# Speed Distribution

A sample of a gas is made of a large number of particles. For example, 4.002 grams (the atomic mass) of Helium used in a blimp has 6.02 × 10^{23} (Avogadro's Number) individual atoms of helium which is known as a mole. These particles are *not* all moving with the same speed – they have a *distribution* of speeds. Any one particle could be moving very fast or very slow. This distribution of speeds is greatly affected by the temperature of the gas. Hot gases are moving “faster” and
cold gases are moving “slower”. The entire distribution of speeds is shifted by changes in temperature.

While it is not necessary for the lab to know the mathematical equation, it is important to note a few general features of the Maxwell distribution:

- The distribution has a crude “bell-shape” which peaks at v
_{mp}= (2kT/m)^{1/2}, the most probable velocity. - The exact shape of the distribution is not symmetric. There is a high-speed tail to the distribution.
- The average velocity (speed and direction) is zero. The magnitude of the average velocity v
_{avg}is not found at the peak, but a little past it because of the high-speed tail.

The simulation of the distribution below allows you to animate certain velocity ranges of the particles.

Note that the distribution is a function of the particle mass, thus it is different for each type of gas. The Hydrogen curve will be broader and wider than the distribution of a more massive gas like Carbon Dioxide. The mass of a gas particle can be conveniently expressed in terms of atomic mass units u = 1.66 × 10^{-27} kg. A particle has roughly 1 u for each proton or neutron in an atom. Thus, a methane (CH_{4}) molecule would have a mass of 16 u (12 for carbon which has 6 protons and 6 neutrons and 4 for hydrogen which only has a proton). One mole of methane would have a mass of approximately 16 g (16.0429 actually) and contain 6.02 x 10^{23} molecules.

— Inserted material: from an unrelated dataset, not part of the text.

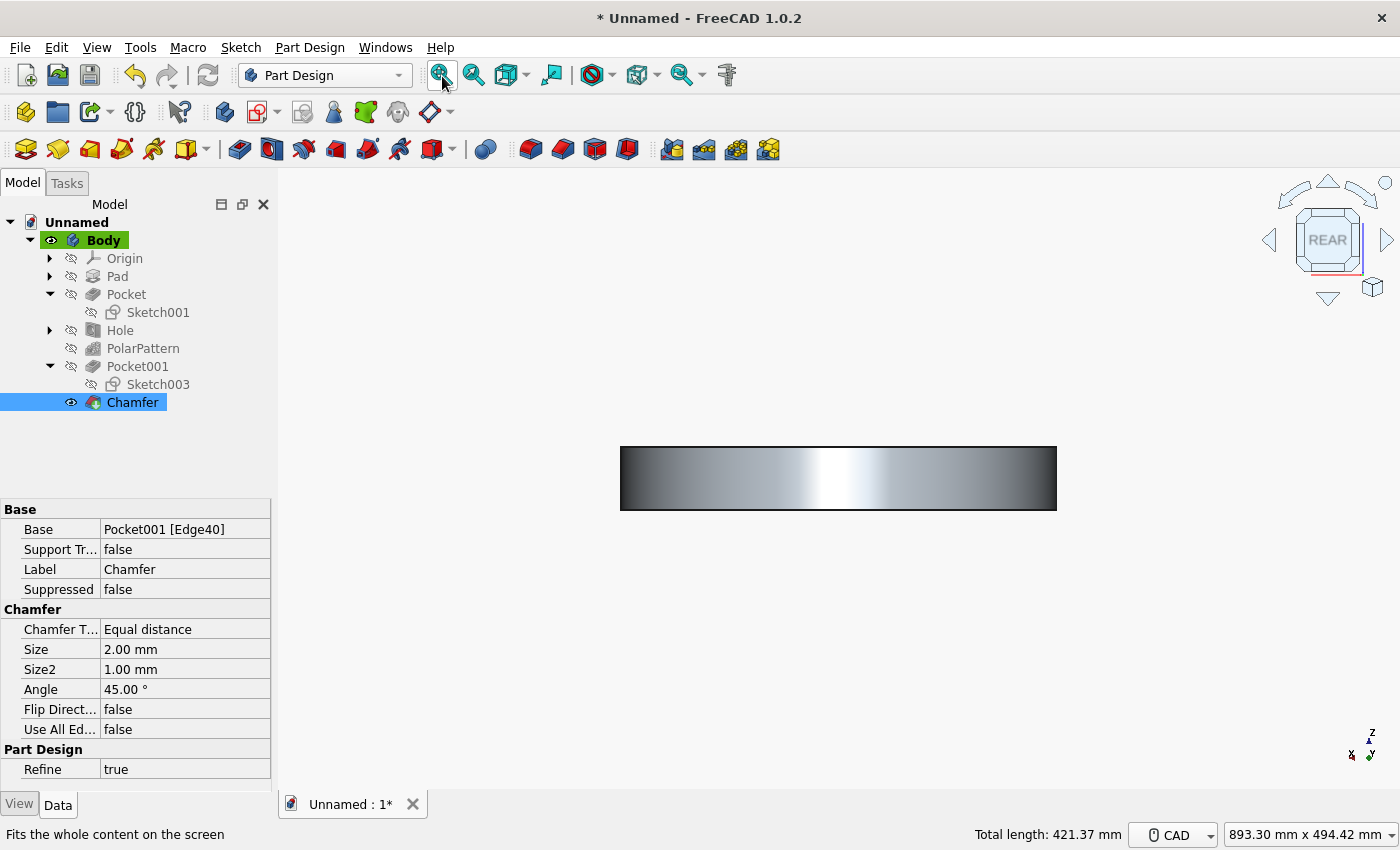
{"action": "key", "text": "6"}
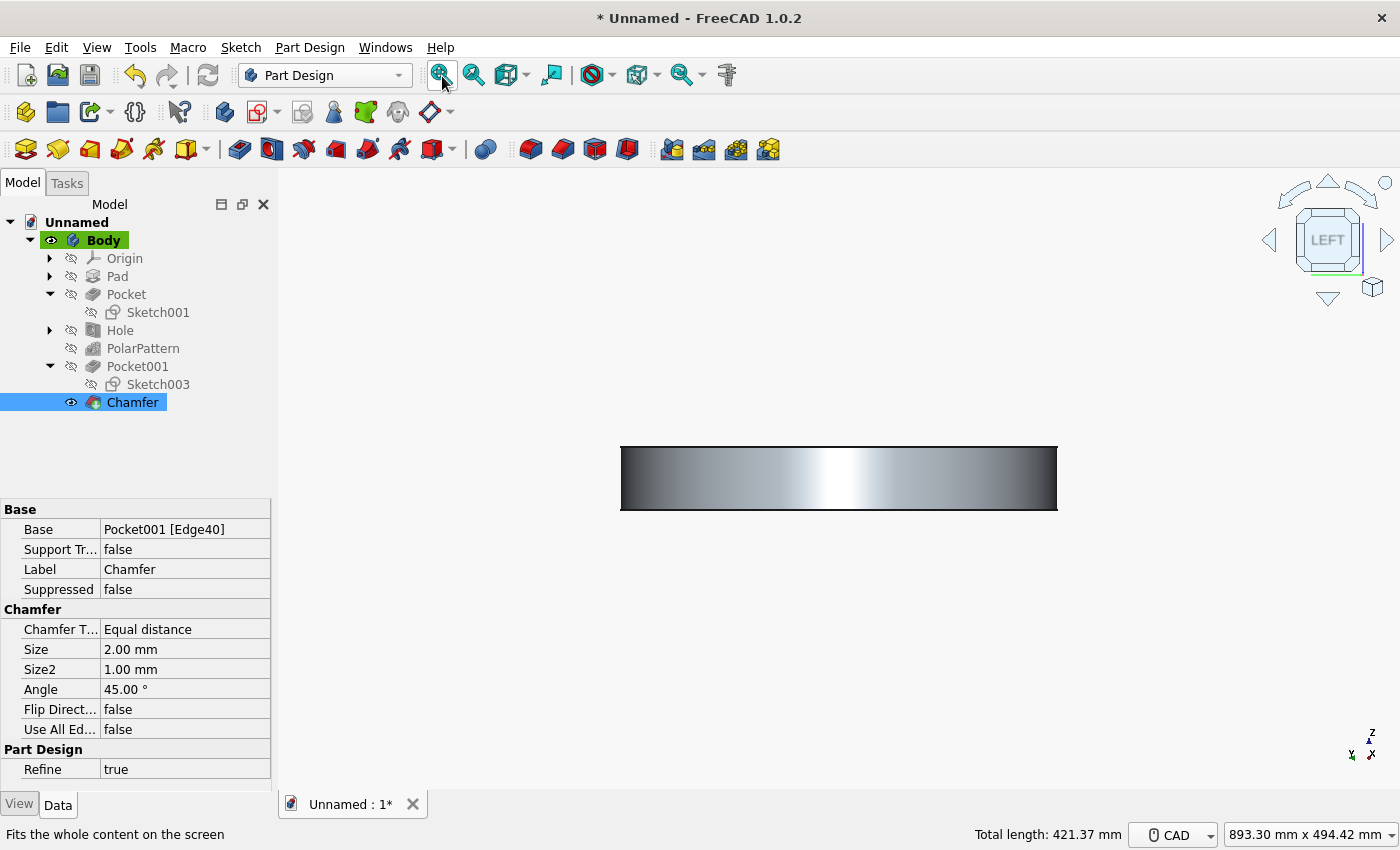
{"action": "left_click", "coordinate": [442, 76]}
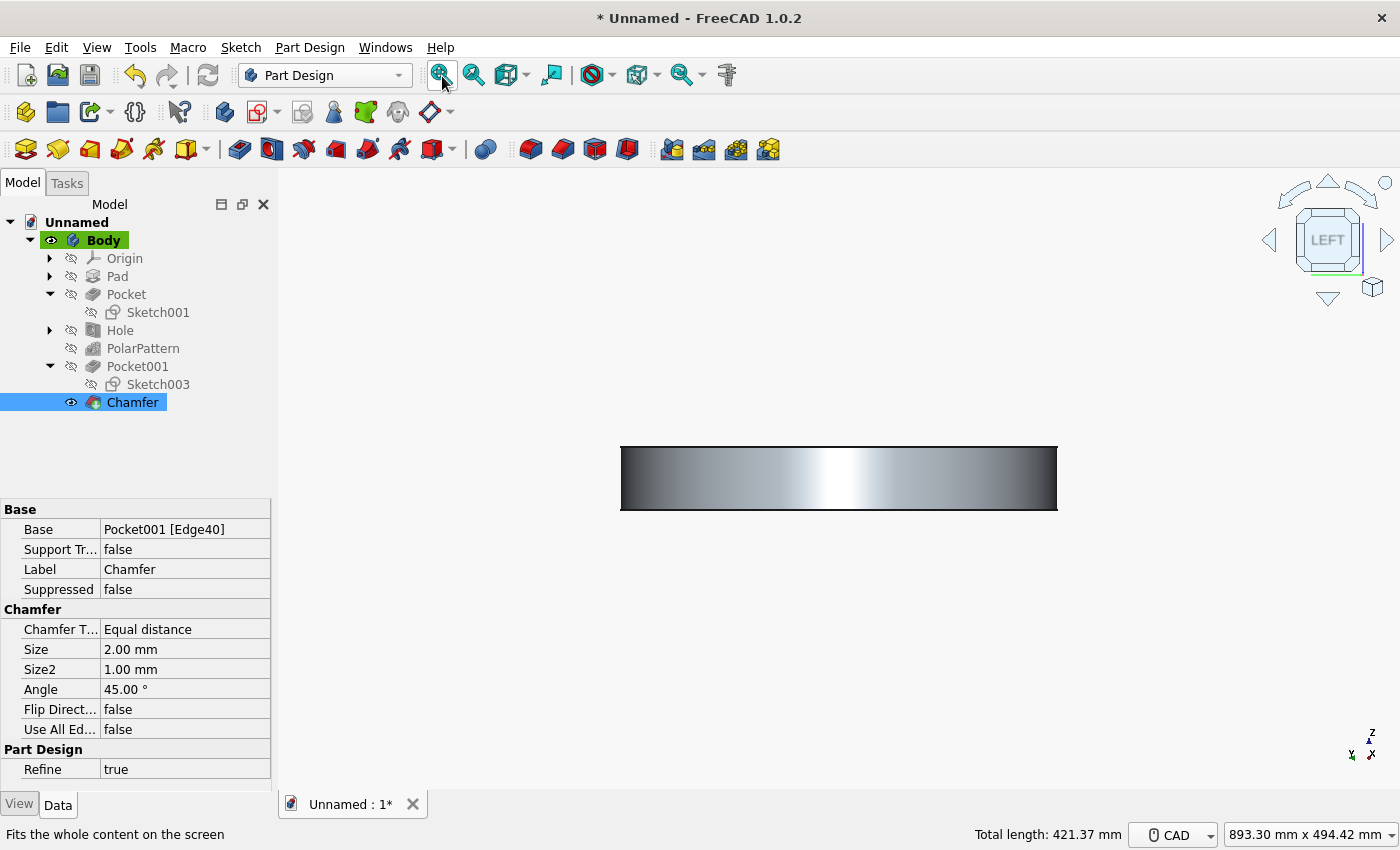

Statistical Mechanics is the branch of physics concerned with relating the microscopic behavior of the particles of the gas to the macroscopic quantities that we measure. It uses a value of velocity slightly larger than v_{avg} to characterize the distribution known as the root mean square v_{rms}. *For the purpose of this lab, these two values will be used interchangeably.* This distribution parameter is directly related to temperature T and mass m of the gas particles. The result from statistical mechanics states that the average kinetic (motion) energy of a particle is proportional to the temperature which allows one to solve for the velocity which is the root of the average square.

Imagine a volume of gas at the top of a planet’s atmosphere. The gas will have a range of velocities described by the Maxwell distribution. If a particle is moving sufficiently fast (i.e. with a speed greater than the escape velocity) and moving away from the planet, it can escape into space. If the escape velocity is low enough, the gas will be depleted fairly quickly. However, typically the escape speed is very far into the high-speed tail of the Maxwell distribution so only a very few particles will be able to escape. But once these particles are lost, the high-speed tail will be replenished and then lost again. Thus, even if the escape speed is well into the high-speed tail, it can slowly “bleed off” the atmosphere. The constitution of planetary atmospheres has been determined by the interplay between escape velocity and the Maxwell distribution over the 4.6 billion year history of our solar system.